Levent Kırca İşçi Partili olabilir... Perinçek “yandaşlığını” törenle taçlandırabilir... Hatta “Partim karar alsın. CHP’ye oy veririm” diyebilir...
Ama başkaları AK Partili olamaz.
Tufan Türenç CHP’li olabilir. İsmini bu partinin muhtemel milletvekili adayları arasına yazdırabilir. CHP kongresinde çoraplı ayaklarıyla masaya fırlayıp “Bravo Kılıçdaroğlu” diye alkış ve tempo tutabilir...
Ama başkaları AK Parti binasının önünde bile geçemez.
Tarık Akan, “Babam diyor ki, 27 Mayıs iyidir, 12 Eylül kötü... Menderes’i idam eden 27 Mayıs bu yüzden devrimdir” diyebilir.
Ama başkaları, “Darbenin iyisi kötüsü olmaz koçum. Bütün darbeler kötüdür” diyemez.
Ataol Behramoğlu 28 Şubat’ı savunabilir, tankların Sincan’da yürümesinde “ilericilik” vehmedebilir...
Ama başkaları 28 Şubat’ı eleştiremez.
Ahmet Hakan Coşkun “Kılıçdaroğlu müthiş bir siyasetçi... Muharrem İnce harikulade bir hatip...” diyebilir.
Ama başkaları, “Erdoğan da fena değildir” diyemez.
Orhan Alkaya ve avenesi, bir tiyatro yazarı olmayan Nazım Hikmet’siz perde açmaz, 30 yıl boyunca “Toros Canavarı” oynar, yazarının bile “utanç duyuyorum” dediği “Rosenbergler”den şaşmaz...
Ama başkaları, “Biraz da Necip Fazıl oynasanız... Arada sırada Nuri Pakdil’e yer verseniz” diyemez.

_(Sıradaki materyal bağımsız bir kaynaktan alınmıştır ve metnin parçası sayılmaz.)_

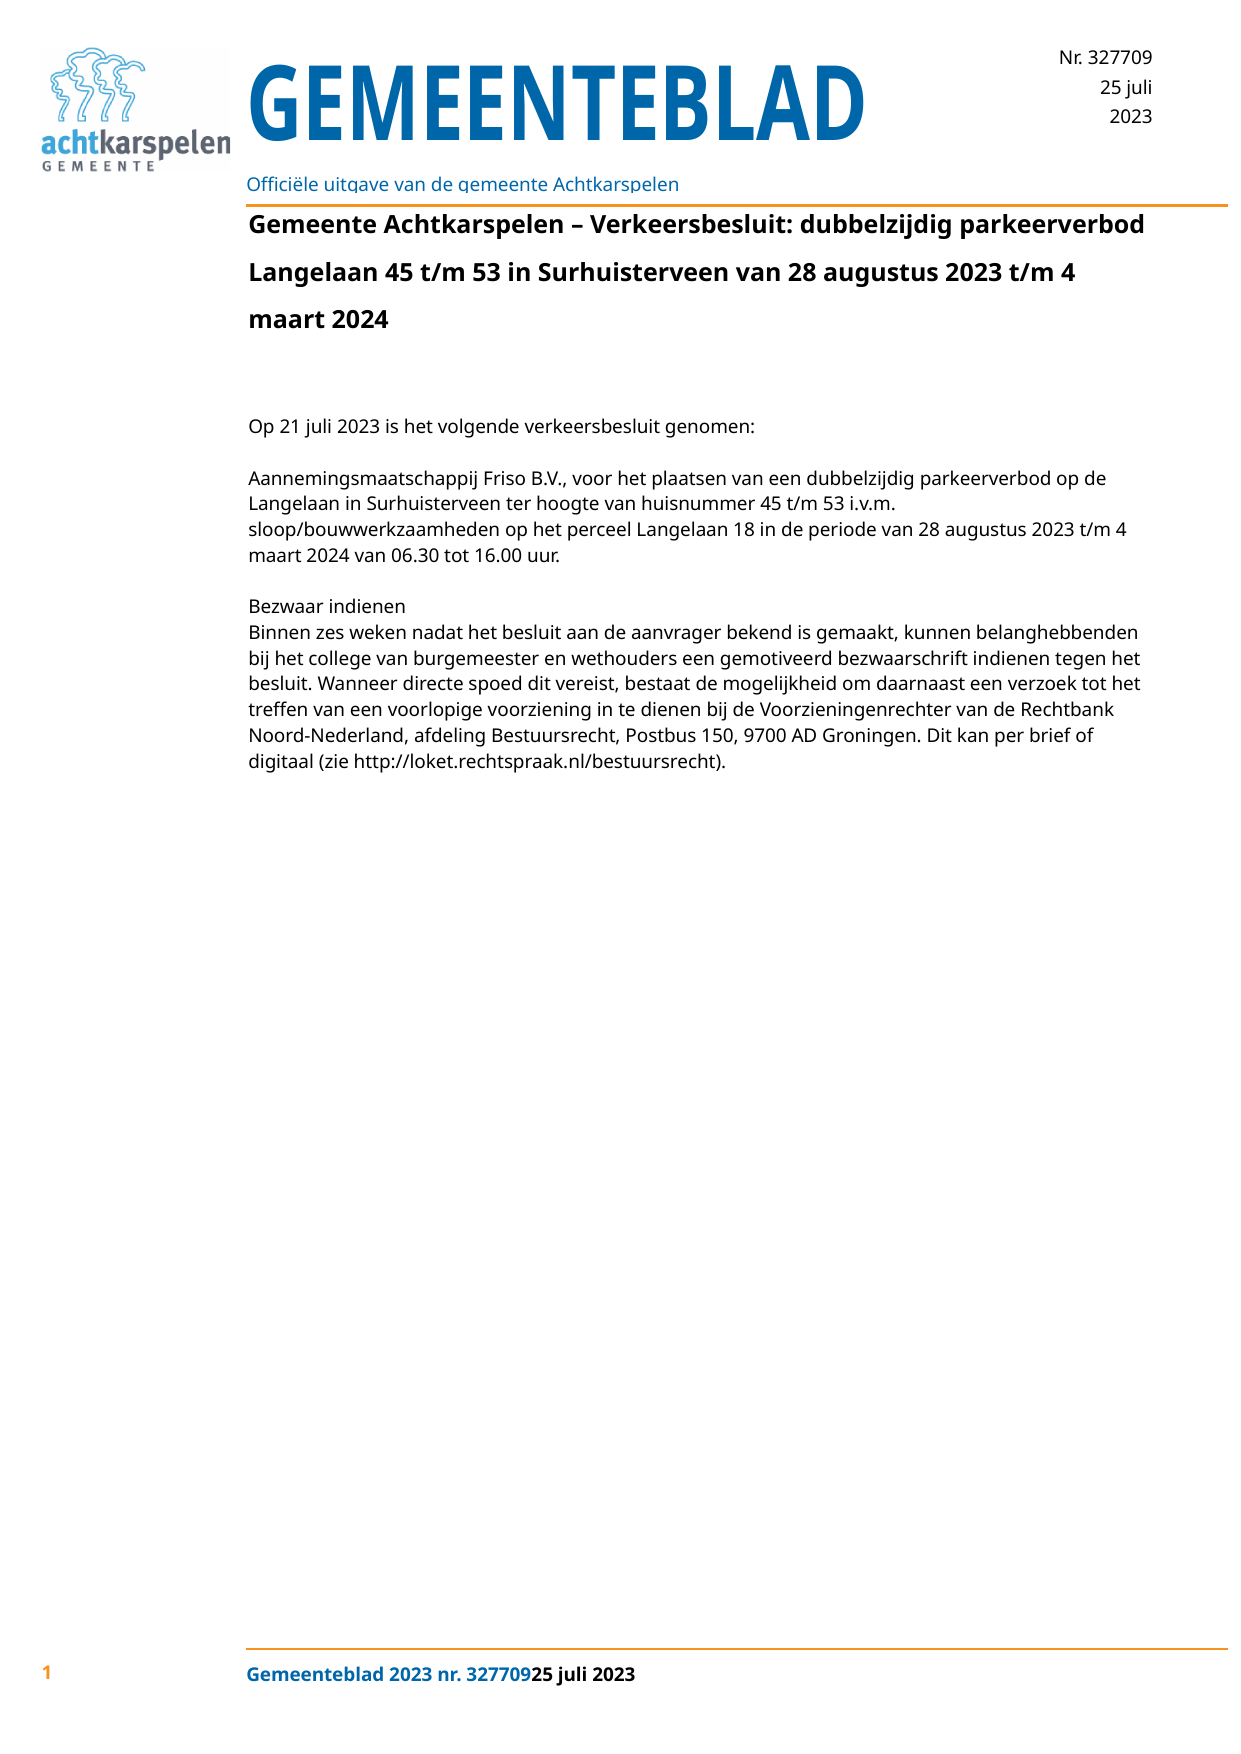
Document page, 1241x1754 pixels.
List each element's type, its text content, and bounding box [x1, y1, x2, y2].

text Binnen zes weken nadat het besluit aan de aanvrager bekend is gemaakt, kunnen belanghebbenden bij het college van burgemeester en wethouders een gemotiveerd bezwaarschrift indienen tegen het besluit. Wanneer directe spoed dit vereist, bestaat de mogelijkheid om daarnaast een verzoek tot het treffen van een voorlopige voorziening in te dienen bij de Voorzieningenrechter van de Rechtbank Noord-Nederland, afdeling Bestuursrecht, Postbus 150, 9700 AD Groningen. Dit kan per brief of digitaal (zie http://loket.rechtspraak.nl/bestuursrecht). [248, 619, 1152, 773]
text Gemeente Achtkarspelen – Verkeersbesluit: dubbelzijdig parkeerverbod Langelaan 45 t/m 53 in Surhuisterveen van 28 augustus 2023 t/m 4 maart 2024 [248, 207, 1152, 336]
picture [41, 47, 231, 172]
text Op 21 juli 2023 is het volgende verkeersbesluit genomen: [248, 413, 1152, 439]
text Bezwaar indienen [248, 593, 1152, 619]
text Aannemingsmaatschappij Friso B.V., voor het plaatsen van een dubbelzijdig parkeerverbod op de Langelaan in Surhuisterveen ter hoogte van huisnummer 45 t/m 53 i.v.m. sloop/bouwwerkzaamheden op het perceel Langelaan 18 in de periode van 28 augustus 2023 t/m 4 maart 2024 van 06.30 tot 16.00 uur. [248, 465, 1152, 568]

Mehmet Yakup Yılmaz, parçalı köşesinde günde üç adet AK Parti karşıtı yazı yazar. Başbakana çakar. Bakanlara giydirir. Cumhurbaşkanına hakaret eder (Cumhurbaşkanının bir demecinden mülhem, “Yağdı yağmur, çaktı şimşek” diye örtük bir hakaret yazısı döşenmişti.)
Ama başkaları “Bu hükümetin de başarılı icraatları var” diyemez.

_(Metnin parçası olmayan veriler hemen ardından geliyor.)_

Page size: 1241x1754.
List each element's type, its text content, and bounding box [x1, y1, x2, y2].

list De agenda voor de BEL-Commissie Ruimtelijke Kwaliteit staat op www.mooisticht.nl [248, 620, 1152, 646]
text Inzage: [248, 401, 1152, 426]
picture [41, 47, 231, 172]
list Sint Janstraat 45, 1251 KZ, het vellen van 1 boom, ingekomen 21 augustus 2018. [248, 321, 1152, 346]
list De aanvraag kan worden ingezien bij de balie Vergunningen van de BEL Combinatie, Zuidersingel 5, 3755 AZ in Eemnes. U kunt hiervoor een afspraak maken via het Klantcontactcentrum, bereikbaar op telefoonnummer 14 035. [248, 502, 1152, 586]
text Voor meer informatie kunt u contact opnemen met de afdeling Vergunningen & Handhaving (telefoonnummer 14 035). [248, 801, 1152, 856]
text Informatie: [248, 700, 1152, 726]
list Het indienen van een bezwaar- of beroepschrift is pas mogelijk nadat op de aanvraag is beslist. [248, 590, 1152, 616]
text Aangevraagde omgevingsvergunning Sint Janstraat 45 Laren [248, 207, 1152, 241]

Hürriyet, Cumhuriyet ve Aydınlık gazetesi yazarları bazı darbelerin, bazı muhtıraların, bazı cuntaların yanında durur, kimse onlara “darbe yandaşı, muhtıra yandaşı, cunta yandaşı” demez.
Ama başkaları meşru siyaseti bile destekleyemez.

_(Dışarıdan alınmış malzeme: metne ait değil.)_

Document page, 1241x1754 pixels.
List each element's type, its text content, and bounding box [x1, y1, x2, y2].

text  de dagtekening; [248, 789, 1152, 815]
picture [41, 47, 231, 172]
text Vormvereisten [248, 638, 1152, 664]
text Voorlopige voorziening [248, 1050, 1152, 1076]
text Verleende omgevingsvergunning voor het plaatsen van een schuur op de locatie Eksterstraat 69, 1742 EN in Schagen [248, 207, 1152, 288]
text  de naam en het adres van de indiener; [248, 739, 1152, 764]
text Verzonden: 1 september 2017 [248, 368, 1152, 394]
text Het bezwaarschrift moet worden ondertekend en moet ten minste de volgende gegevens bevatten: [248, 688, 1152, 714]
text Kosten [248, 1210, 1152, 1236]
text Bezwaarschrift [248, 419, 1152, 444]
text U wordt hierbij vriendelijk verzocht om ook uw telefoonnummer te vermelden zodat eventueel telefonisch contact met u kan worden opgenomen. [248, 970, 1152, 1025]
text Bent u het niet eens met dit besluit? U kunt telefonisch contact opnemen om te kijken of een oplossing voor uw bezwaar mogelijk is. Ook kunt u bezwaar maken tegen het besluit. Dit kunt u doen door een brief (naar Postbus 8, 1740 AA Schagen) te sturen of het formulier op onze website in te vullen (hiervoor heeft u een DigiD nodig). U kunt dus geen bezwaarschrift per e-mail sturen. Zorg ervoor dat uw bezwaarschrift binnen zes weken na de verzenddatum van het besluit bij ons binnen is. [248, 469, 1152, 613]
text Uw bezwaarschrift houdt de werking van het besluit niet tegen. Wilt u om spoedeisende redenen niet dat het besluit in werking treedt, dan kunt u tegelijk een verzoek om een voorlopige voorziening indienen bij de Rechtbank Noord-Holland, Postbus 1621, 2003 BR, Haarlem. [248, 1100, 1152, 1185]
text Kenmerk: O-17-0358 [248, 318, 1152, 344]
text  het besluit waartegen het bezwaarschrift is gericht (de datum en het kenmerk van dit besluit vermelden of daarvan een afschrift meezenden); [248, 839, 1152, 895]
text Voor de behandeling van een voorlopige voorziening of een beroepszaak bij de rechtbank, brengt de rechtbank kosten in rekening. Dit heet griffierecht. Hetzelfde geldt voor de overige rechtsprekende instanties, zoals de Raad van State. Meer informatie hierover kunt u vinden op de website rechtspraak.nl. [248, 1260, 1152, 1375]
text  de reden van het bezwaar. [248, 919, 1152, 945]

Emre Kongar keçi sakalıyla kamusal alana sızabilir.
Ama başkaları başörtüsüyle kamusal alanın yüz metre yakınından bile geçemez.
Zülfü Livaneli, çok partili parlamenter sistemi “karşı devrim süreci” olarak tanımlayabilir.
Ama başkaları “Karşı devrim sürecini sonlandırdığı söylenen 27 Mayıs illegal bir harekettir, Menderes ve arkadaşlarının asılması cinayettir” diyemez.
Nuray Mert, “Hükümet duble yollarla bölgeye şiddet götürecek” diyebilir.
Ama başkaları, “Sen önce 1930’lu yıllarda bölgeye şiddet götürenlerin hangi yolları yaptığına, hangi köprüleri inşa ettiğine bak” diyemez.
Yine Ahmet Hakan Coşkun, PKK-BDP karışımı düğünde halay çekebilir.
Ama başkaları bir AK Partilinin nikâhında konuk bile olamaz.
Mustafa Kemal ve İsmet Paşa, ülkeyi “kuvvetler birliği” ilkesine göre yönetebilir. Bu son derece doğaldır.
Ama başkaları, “Kuvvetler ayrılığı ilkesi yargı lehine bozulmuştur” diyemez. Dediği an, faşist, diktatör, padişah olur...
Bazı öğrenciler, molotof kokteylli, taşlı sopalı “protesto gösterileri” düzenleyebilir... Bunun adı ilericilik, devrimcilik, ulusalcılık olur.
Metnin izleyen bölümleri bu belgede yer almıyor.